10.1 Analytics Rules: Architecture and Rule Types
Analytics Rules: Architecture and Rule Types
Introduction
Required role: Microsoft Sentinel Contributor for analytics rules. Sentinel Responder for incident management.
An analytics rule is a KQL query that runs on a schedule against the data in your Sentinel workspace. When the query returns results, an alert is generated. Alerts are grouped into incidents — which appear in the incident queue for analyst investigation. This is the core detection mechanism in Sentinel: you define the threat pattern as KQL, Sentinel evaluates it continuously, and when the pattern appears in your data, the SOC is notified.
This subsection teaches the four rule types, how the execution model works, and when to use each type.
How analytics rules execute
The execution model determines when and how often your KQL query runs against the workspace data.
Scheduled rules run on a timer that you configure: every 5 minutes, every hour, every 4 hours, every 24 hours. At each execution, the rule evaluates a KQL query against a lookback window (the time range of data the query examines). If the query returns one or more rows, an alert is generated for each row (or for the result set, depending on alert grouping configuration).

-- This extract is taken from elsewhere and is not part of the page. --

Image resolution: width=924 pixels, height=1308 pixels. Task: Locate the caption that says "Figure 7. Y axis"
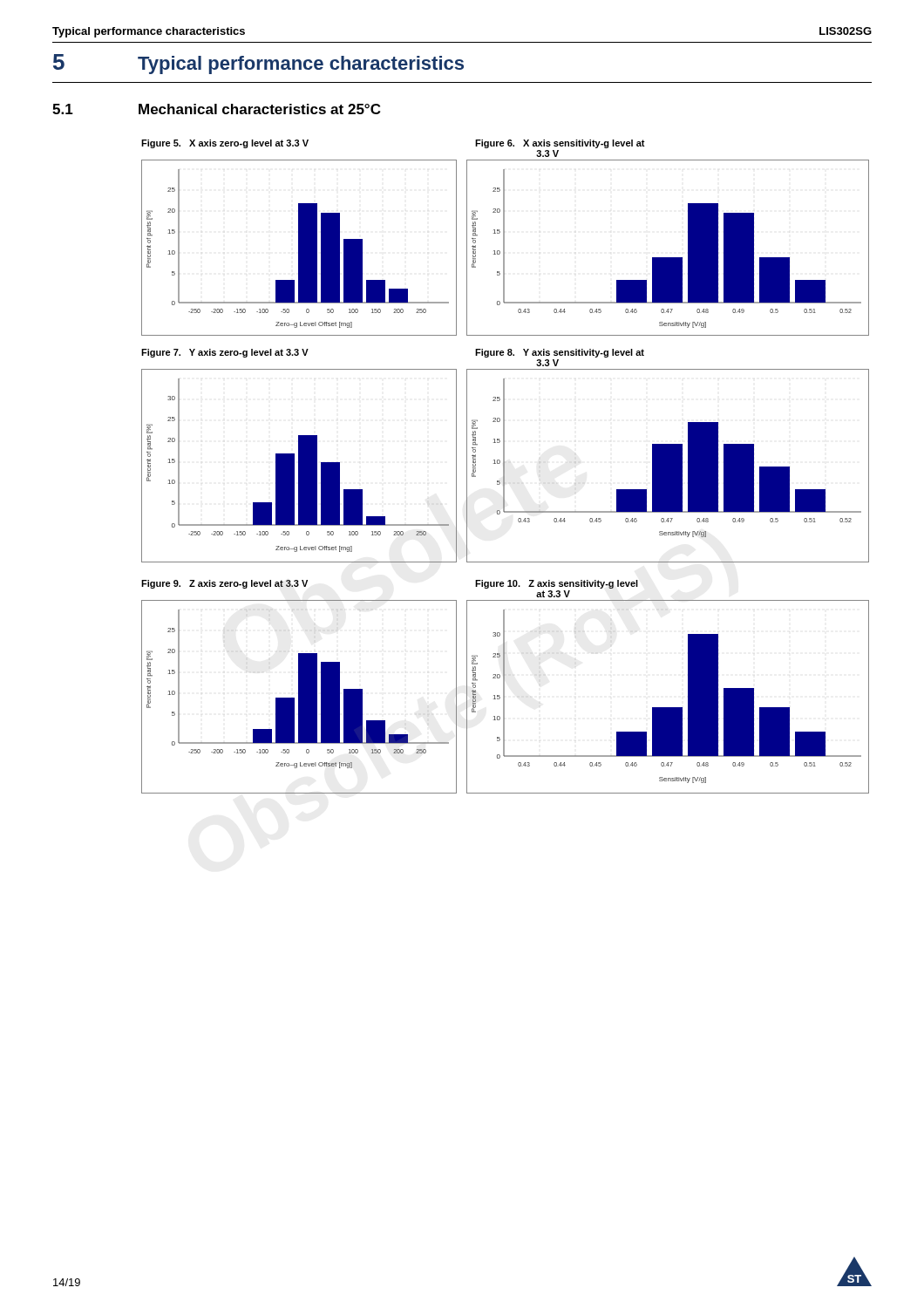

The relationship between schedule and lookback matters. If a rule runs every 5 minutes with a 5-minute lookback, there are no gaps — every event is evaluated exactly once. If a rule runs every hour with a 5-minute lookback, there are 55 minutes of data per hour that the rule never evaluates — a detection gap. If a rule runs every 5 minutes with a 1-hour lookback, events in the overlap window are evaluated multiple times — potentially generating duplicate alerts.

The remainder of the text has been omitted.